GEZİ’DEKİ ORTAKLIĞI YAKALAYAMADIK

''Kobanê eylemleri Gezi direnişindeki ortaklığı yakalayamadı. Basın bu yüzden taraflı davrandı.” tespitini yapıyor 1. sınıf öğrencisi Ozan Cemre Kısa. Medyanın zenginlerin elinde olması özgür olamamasının en önemli nedeni. Hükümete yaranmaya çalışan medya gruplarının sokağa çıkan insanları PKK yandaşlığıyla suçlayarak, insanları ayrıştırmaya ve ötekileştirmeye çalıştığını düşünüyor. “Medyanın bu yönlendirmesi sonucunda insanlar karşı karşıya geldi ve ölümler oldu. Bu yönlendirmeye karşı insanlara doğruları anlatmalı, bunun için mücadele etmeliyiz.”

Sistemin gazetecilik mesleğinin önünde büyük bir engel olduğuna, sistem değiştirilmeden tam olarak gazetecilik yapılamayacağına değiniyor 2.sınıf öğrencisi Akan Gündoğdu. Vicdanlı bir gazetecinin yandaş olamayacağını, hiçbir zaman yandaş davranmaya kendi vicdanının izin vermeyeceğini söylüyor net bir şekilde. “Bu sistemin içerisinde yer alan medyayı değiştirmek için öncelikle sistemi değiştirmemiz lazım.”

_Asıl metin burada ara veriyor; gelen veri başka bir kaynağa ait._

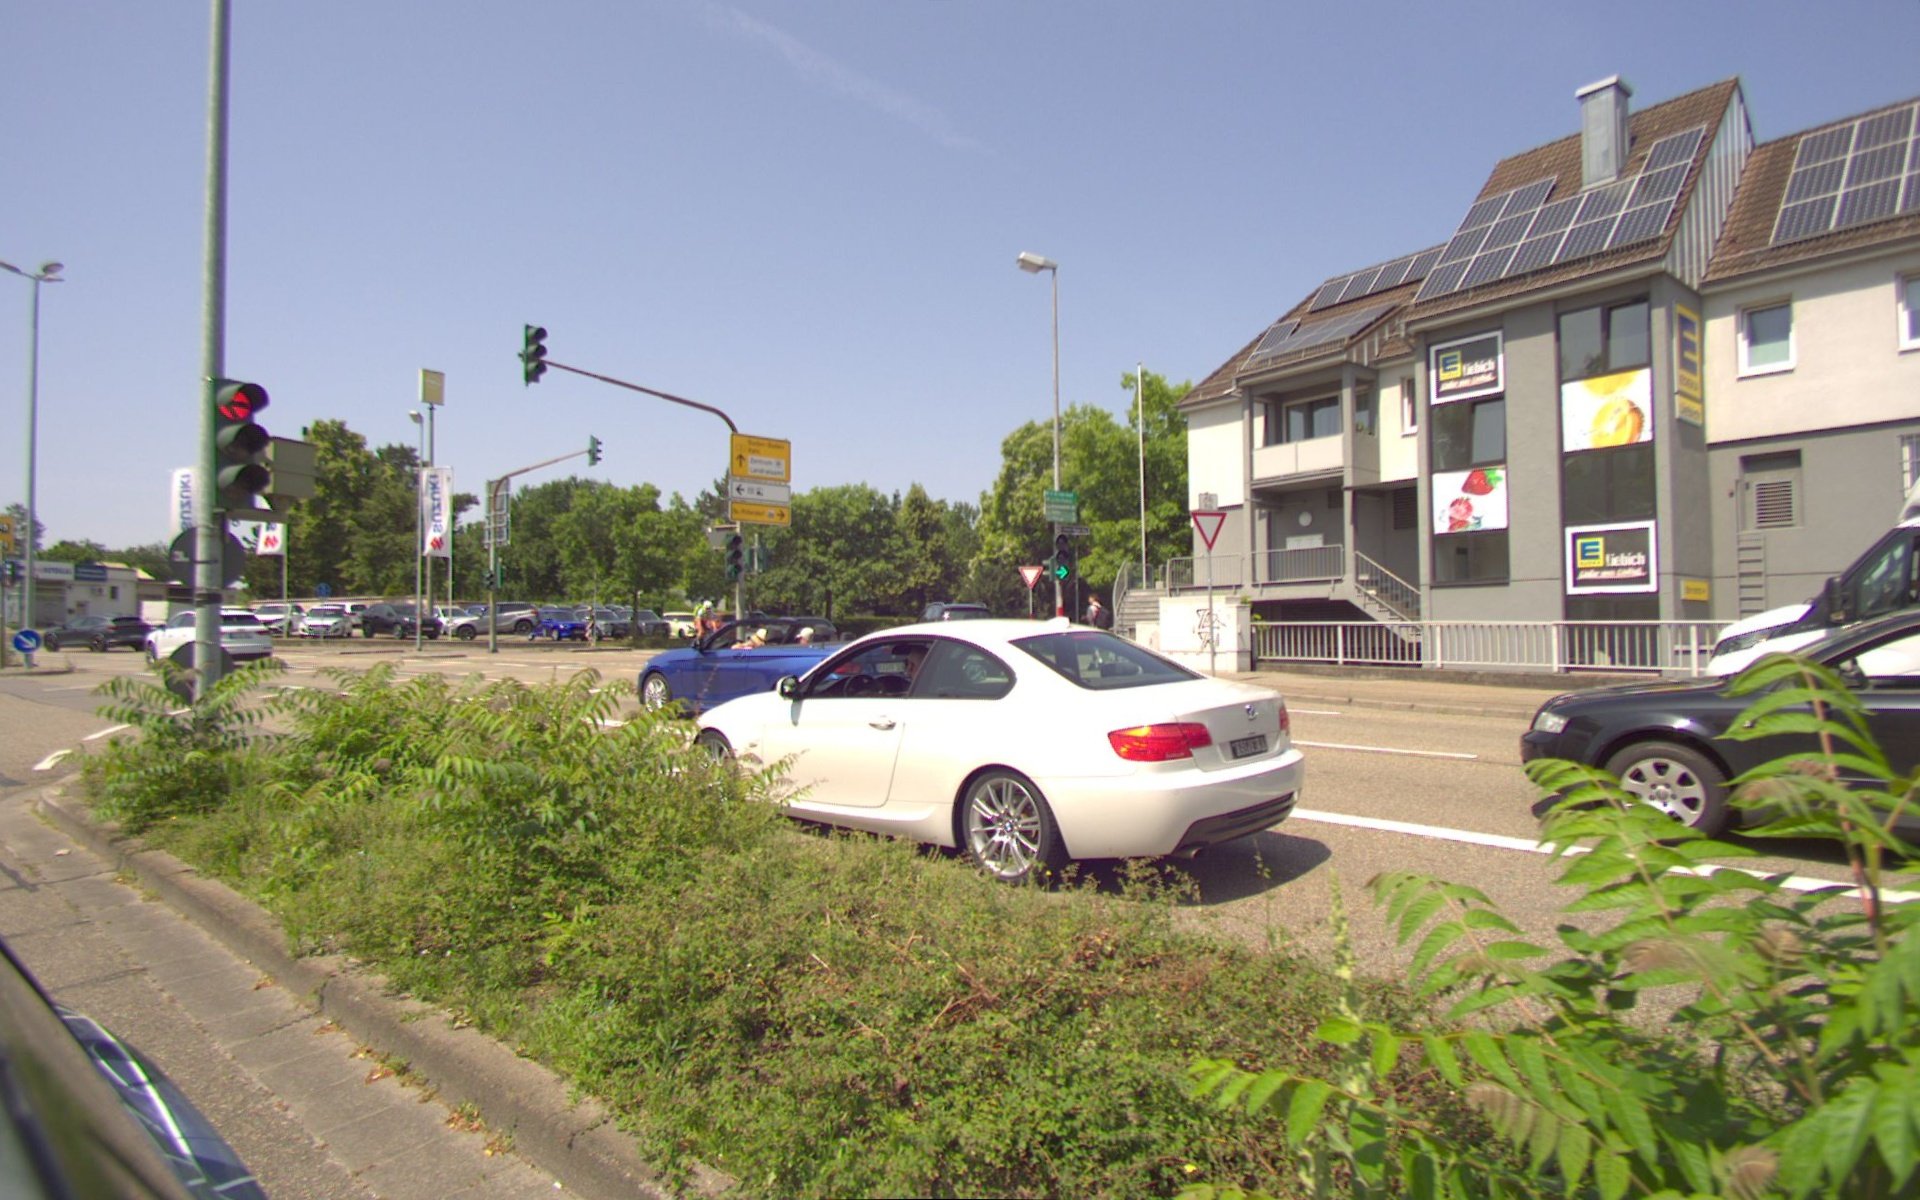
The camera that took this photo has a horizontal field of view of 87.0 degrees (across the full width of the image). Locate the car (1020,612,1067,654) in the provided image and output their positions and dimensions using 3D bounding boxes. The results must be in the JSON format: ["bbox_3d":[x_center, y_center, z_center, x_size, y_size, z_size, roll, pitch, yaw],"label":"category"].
[{"bbox_3d":[3.131,1.262,37.511,1.478,1.460,4.260,0,-3,8],"label":"car"}]

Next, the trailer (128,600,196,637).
[{"bbox_3d":[-39.111,0.882,49.650,1.666,1.717,2.440,-1,0,-10],"label":"trailer"}]

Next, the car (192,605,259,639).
[{"bbox_3d":[-35.262,1.027,48.660,1.727,1.521,3.833,-1,0,-22],"label":"car"}]

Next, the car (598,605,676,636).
[{"bbox_3d":[-17.041,1.093,53.399,3.988,1.582,1.821,0,-2,33],"label":"car"}]

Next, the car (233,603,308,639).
[{"bbox_3d":[-32.712,0.961,48.139,1.886,1.552,3.975,-1,0,-18],"label":"car"}]

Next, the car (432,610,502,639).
[{"bbox_3d":[-27.815,1.374,57.086,3.989,1.548,1.775,0,0,34],"label":"car"}]

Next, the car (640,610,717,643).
[{"bbox_3d":[-15.286,1.398,54.930,3.989,1.720,1.886,0,0,34],"label":"car"}]

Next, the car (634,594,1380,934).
[{"bbox_3d":[-0.025,0.726,6.568,4.743,1.442,1.843,-1,-1,42],"label":"car"}]

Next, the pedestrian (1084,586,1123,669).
[{"bbox_3d":[3.562,0.672,25.146,0.741,2.029,0.498,-3,-1,35],"label":"pedestrian"}]

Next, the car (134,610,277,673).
[{"bbox_3d":[-20.682,1.081,27.685,4.545,1.582,1.801,-1,0,35],"label":"car"}]

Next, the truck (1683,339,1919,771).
[{"bbox_3d":[9.814,-0.416,7.348,2.237,3.443,7.046,0,-2,-43],"label":"truck"}]

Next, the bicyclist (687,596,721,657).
[{"bbox_3d":[-7.093,0.735,28.072,0.817,1.655,0.418,-2,0,29],"label":"bicyclist"}]

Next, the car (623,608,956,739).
[{"bbox_3d":[-2.300,0.827,12.954,4.344,1.376,1.844,-1,-1,41],"label":"car"}]

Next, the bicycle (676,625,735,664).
[{"bbox_3d":[-7.067,1.224,28.049,1.782,1.062,0.417,-1,0,29],"label":"bicycle"}]

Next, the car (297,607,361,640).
[{"bbox_3d":[-29.740,1.094,47.808,1.686,1.443,3.975,1,0,-19],"label":"car"}]

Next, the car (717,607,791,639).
[{"bbox_3d":[-11.944,1.283,58.544,3.989,1.763,1.977,0,0,34],"label":"car"}]

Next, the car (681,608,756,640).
[{"bbox_3d":[-13.518,1.317,56.615,3.989,1.696,1.848,0,0,34],"label":"car"}]

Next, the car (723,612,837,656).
[{"bbox_3d":[-7.431,1.354,42.160,1.760,1.622,4.701,0,0,39],"label":"car"}]

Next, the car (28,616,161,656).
[{"bbox_3d":[-34.761,1.420,40.666,4.402,1.497,1.993,0,-1,17],"label":"car"}]

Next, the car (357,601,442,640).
[{"bbox_3d":[-26.405,0.946,47.644,4.001,1.737,1.826,1,0,32],"label":"car"}]

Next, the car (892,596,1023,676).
[{"bbox_3d":[-0.193,0.853,24.491,1.966,1.669,4.606,3,-2,-15],"label":"car"}]

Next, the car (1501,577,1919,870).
[{"bbox_3d":[5.648,0.601,5.378,4.578,1.450,1.781,-1,-1,44],"label":"car"}]

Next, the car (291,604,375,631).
[{"bbox_3d":[-39.595,1.120,63.949,4.709,1.662,1.687,-1,-1,13],"label":"car"}]

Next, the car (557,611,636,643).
[{"bbox_3d":[-18.526,1.337,51.593,3.989,1.548,1.775,0,0,34],"label":"car"}]

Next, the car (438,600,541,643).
[{"bbox_3d":[-22.124,0.996,47.758,4.235,1.916,1.835,1,0,-21],"label":"car"}]

MEDYADA FARKINDALIK YARATMALIYIZ

Medyanın içinde bulunduğu duruma serzenişte bulunarak çözüme ulaşılamayacağına düşünüyor 3. sınıf öğrencisi Semra Çelik. Gazetecilik öğrencileri sektöre atılmadan mesleğe dair önyargılarla eğitim görüyor. Gazeteciler sektörde mücadele etmek yerine geri duruyormuş. “Evlerimizde televizyon seyrederek serzenişte bulunmamalıyız. Bizler gazeteci adayları olarak medya alanında farkındalık yaratabilecek kişileriz. Gezi direnişinde muhalif medyada bir kırılma oldu ama Kobanê eylemleri sırasında tekrar başa dönüldü. Muhalif gördüğümüz kimi medya organları, hükümetin ağzıyla haber yaptı ve gerçekleri çarpıttı.”
diyerek bitiriyor konuşmasını.

Ana akım medya olarak nitelendirilen burjuva medyanın gerçeklikle alakası yok diyor 2.sınıf öğrencisi Ali Adnan Arslan. Medya patronlarının asıl amacının rant elde etmek ve reklamlardan kazanç sağlamak olduğunun altını çiziyor. İktidara karşı yapılan eylemlerin ana akım medyada yer almadığını ifade ediyor. “Hükümetin yanlışları vatandaştan medya aracılığıyla gizleniyor. Birçok medya organı hatta muhalif görünen medya organları bile sisteme hizmet ediyor.” oluyor son sözleri.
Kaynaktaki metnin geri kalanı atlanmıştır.